# [Task goal]
Go through the entries one line at a time, and gather every line that has the word "Arizona".

++++++

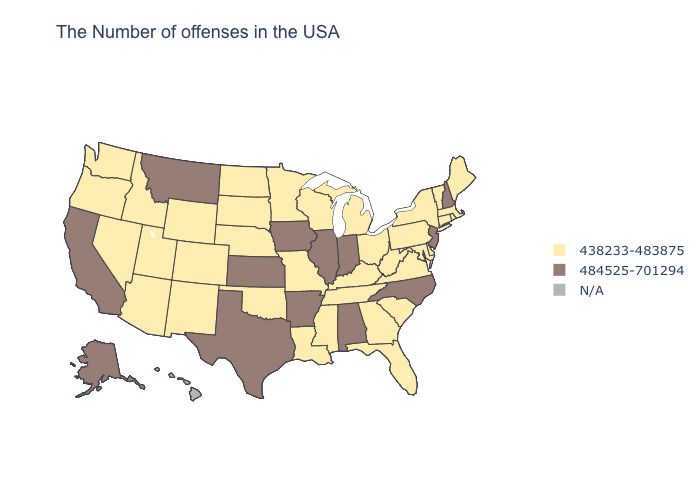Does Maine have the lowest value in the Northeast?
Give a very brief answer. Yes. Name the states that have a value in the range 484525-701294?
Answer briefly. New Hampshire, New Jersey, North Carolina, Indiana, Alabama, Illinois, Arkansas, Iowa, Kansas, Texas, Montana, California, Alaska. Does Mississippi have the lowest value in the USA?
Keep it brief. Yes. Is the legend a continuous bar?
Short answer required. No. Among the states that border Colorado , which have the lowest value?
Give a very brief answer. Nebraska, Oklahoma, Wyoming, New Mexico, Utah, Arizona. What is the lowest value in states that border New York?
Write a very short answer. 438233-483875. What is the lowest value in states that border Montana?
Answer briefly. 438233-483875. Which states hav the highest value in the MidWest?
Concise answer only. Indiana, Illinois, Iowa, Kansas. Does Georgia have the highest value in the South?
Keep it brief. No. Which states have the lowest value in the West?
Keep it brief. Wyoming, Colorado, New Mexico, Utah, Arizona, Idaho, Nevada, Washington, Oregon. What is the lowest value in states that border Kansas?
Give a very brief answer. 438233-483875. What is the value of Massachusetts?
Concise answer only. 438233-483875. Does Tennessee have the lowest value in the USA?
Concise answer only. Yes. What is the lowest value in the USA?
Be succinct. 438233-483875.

++++++

# [Reply to the exercise]
Give a very brief answer. Nebraska, Oklahoma, Wyoming, New Mexico, Utah, Arizona. What is the lowest value in states that border New York?
Keep it brief. Wyoming, Colorado, New Mexico, Utah, Arizona, Idaho, Nevada, Washington, Oregon. What is the lowest value in states that border Kansas?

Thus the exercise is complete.